◆ **Work required**
Take the entries that follow and return exactly the lines from the one holding "#31 traffic island" through the one holding "#32 car (1019,495,1059,523)", both included. Nothing else is needed.

◆ **Source data**
.....

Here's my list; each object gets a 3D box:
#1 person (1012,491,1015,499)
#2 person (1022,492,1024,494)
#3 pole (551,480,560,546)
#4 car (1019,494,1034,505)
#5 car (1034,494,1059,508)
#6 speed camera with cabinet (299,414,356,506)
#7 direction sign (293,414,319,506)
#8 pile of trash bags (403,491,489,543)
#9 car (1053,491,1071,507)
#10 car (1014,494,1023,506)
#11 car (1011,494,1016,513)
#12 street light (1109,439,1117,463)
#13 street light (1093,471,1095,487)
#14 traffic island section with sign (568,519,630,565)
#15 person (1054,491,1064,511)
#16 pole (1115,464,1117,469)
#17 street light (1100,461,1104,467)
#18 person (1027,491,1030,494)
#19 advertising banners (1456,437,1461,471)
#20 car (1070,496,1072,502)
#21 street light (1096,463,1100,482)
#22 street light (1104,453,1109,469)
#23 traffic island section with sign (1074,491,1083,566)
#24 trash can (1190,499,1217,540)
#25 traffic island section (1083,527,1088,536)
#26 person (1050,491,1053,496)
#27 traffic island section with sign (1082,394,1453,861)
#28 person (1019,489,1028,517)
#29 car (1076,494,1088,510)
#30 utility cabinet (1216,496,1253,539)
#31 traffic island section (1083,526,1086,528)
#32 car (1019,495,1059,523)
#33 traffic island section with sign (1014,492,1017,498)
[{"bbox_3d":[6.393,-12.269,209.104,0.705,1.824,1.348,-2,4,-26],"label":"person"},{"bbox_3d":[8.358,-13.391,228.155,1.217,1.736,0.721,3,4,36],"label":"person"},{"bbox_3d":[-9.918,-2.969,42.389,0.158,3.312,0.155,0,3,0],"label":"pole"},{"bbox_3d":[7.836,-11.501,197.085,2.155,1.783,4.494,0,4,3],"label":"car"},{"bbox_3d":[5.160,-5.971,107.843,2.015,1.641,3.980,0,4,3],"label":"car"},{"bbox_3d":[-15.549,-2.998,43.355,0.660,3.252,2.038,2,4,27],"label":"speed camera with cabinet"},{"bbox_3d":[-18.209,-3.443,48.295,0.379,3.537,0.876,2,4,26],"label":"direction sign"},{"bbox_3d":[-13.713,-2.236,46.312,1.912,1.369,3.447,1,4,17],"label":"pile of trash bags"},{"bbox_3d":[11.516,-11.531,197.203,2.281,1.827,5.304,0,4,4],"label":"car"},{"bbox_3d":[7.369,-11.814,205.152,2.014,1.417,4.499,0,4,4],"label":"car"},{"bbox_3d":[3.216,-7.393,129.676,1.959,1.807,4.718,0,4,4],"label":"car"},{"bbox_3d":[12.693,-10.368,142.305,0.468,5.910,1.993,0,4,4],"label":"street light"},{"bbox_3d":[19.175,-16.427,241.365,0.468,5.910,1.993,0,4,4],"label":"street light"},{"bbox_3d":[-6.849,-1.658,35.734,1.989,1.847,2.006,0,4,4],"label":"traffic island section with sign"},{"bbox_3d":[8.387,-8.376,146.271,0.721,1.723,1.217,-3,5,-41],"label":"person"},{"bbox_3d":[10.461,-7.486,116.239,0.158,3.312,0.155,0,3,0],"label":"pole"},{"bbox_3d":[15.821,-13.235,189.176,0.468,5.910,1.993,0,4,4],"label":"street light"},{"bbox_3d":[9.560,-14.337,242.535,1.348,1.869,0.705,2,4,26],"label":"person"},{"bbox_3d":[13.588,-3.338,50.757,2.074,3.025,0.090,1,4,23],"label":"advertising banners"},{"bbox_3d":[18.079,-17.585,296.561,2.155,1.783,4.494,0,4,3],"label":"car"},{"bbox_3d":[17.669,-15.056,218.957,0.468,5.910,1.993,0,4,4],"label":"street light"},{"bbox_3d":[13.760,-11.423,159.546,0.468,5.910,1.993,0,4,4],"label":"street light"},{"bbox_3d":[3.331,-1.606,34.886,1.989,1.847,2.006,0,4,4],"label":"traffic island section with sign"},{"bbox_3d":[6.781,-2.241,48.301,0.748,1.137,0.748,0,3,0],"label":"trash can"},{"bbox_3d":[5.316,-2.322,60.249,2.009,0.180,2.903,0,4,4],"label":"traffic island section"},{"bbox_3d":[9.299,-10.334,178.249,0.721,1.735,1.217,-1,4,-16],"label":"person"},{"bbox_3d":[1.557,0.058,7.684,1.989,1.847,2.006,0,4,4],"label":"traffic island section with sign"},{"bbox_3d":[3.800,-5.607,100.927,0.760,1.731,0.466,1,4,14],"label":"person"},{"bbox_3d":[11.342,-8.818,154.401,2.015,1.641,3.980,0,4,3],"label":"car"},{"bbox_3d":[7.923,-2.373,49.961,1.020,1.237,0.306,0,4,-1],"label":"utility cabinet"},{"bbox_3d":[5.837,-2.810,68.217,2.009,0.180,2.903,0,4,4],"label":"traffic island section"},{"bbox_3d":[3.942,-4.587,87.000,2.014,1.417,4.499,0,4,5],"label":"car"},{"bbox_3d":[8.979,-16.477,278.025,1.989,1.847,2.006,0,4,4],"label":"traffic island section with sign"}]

.....

◆ **Task response**
#31 traffic island section (1083,526,1086,528)
#32 car (1019,495,1059,523)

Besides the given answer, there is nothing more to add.